Благодаря этому (работам Добржанского по генетике транслокаций и его исследованиям по детерминации пола. – Д. Б.)
в 1935 году была сформулирована концепция вида (животных, размножающихся половым путем), которая остается общепринятой на сегодняшний день: «Это та стадия в процессе эволюции, на которой множество некогда реально или потенциально способных к скрещиванию форм разделяется на два или более раздельных множеств особей, которые физиологически не способны к скрещиванию»317.Выдвижение Добржанским на передний план огромного генетического разнообразия внутри вида, в результате которого рецессивные гены и аллели становятся потенциально значимыми сами по себе, детерминируя различные аспекты видообразования, очевидно импонировало Набокову, который был противником идеи о доминировании предсказуемо приспособленных видов над предсказуемо неприспособленными. Любопытно, однако, что использование Добржанским новейших достижений микроскопии, а также применяемый им метод подсчета генов на хромосомах и обработки статистических данных для определения новых видов не
вызывали восторга у Набокова во время его работы в Музее сравнительной зоологии, поскольку это «исключало морфологический подход», – вполне понятное возражение, учитывая, насколько дотошно, можно даже сказать любовно-мучительно он исследовал промежуточные формы в видообразовании бабочек, изучая мельчайшие особенности их гениталий318. Набоков с интересом следил за работами Добржанского и переписывался с ним в 1954 году. Добржанский был номинирован на Нобелевскую премию в 1975 году незадолго до смерти, но не получил ее.К середине своего творческого пути Набоков избавился от символистских претензий на жизнетворчество (Блока он воспринимал как демоническую фигуру), однако его по-прежнему привлекала идея потусторонности. Впрочем, он не отошел и от своих юношеских представлений о композиционистской красоте в духе Соловьева (и ее не полностью сформированном парном понятии безобразия как «отсутствия формы»), которые в более зрелых произведениях Набокова становятся выражением «разумности» органического мира, но разумности, осложненной современными открытиями в биохимии, микробиологии и популяционной генетике.

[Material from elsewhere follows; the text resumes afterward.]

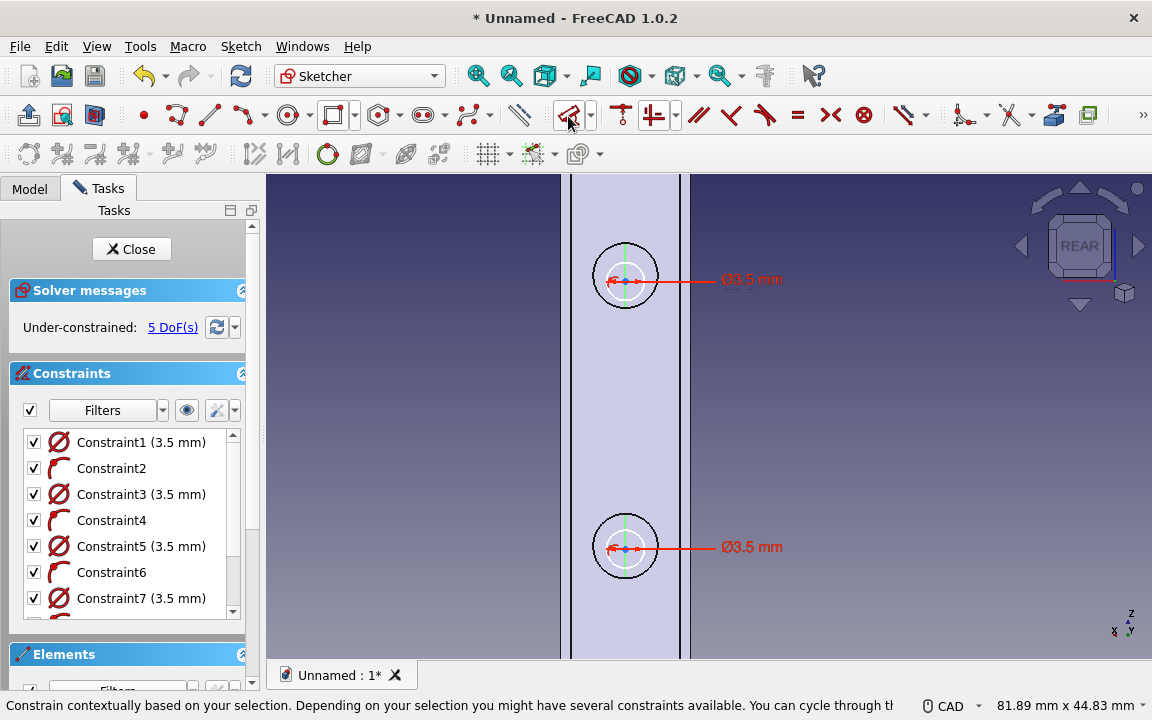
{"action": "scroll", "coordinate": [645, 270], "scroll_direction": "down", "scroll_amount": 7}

Вспомним, что в соловьевской статье «Красота в природе» развитие видов предопределяется тремя импульсами: 1) «внутренняя сущность или prima materia
жизни, стремление или хотение жить, т. е. питаться и размножаться»; 2) «образ этой жизни, т. е. те морфологические и физиологические условия, которыми определяются питание и размножение (а в связи с ними и прочие, второстепенные функции) каждого органического вида» и 3) «биологическая цель не в смысле внешней телеологии, а с точки зрения сравнительной анатомии, определяющей относительно целого органического мира место и значение тех частных форм, которые в каждом виде поддерживаются питанием и увековечиваются размножением»319. Наибольшее внимание Соловьева привлекает этот третий «мереологический» фактор, в котором одновременно выражены форма и функция, биологическая необходимость и морфологическая реакция, а также то, как отдельные части соотносятся с целым и целое с частями. Можно утверждать, что Соловьев опередил свое время: предложенная им концептуальная модель (целесообразность без внешней телеологии), по сути, предвосхищает теорию «биологической относительности», разделяемую ведущими современными учеными, в частности Денисом Ноблом.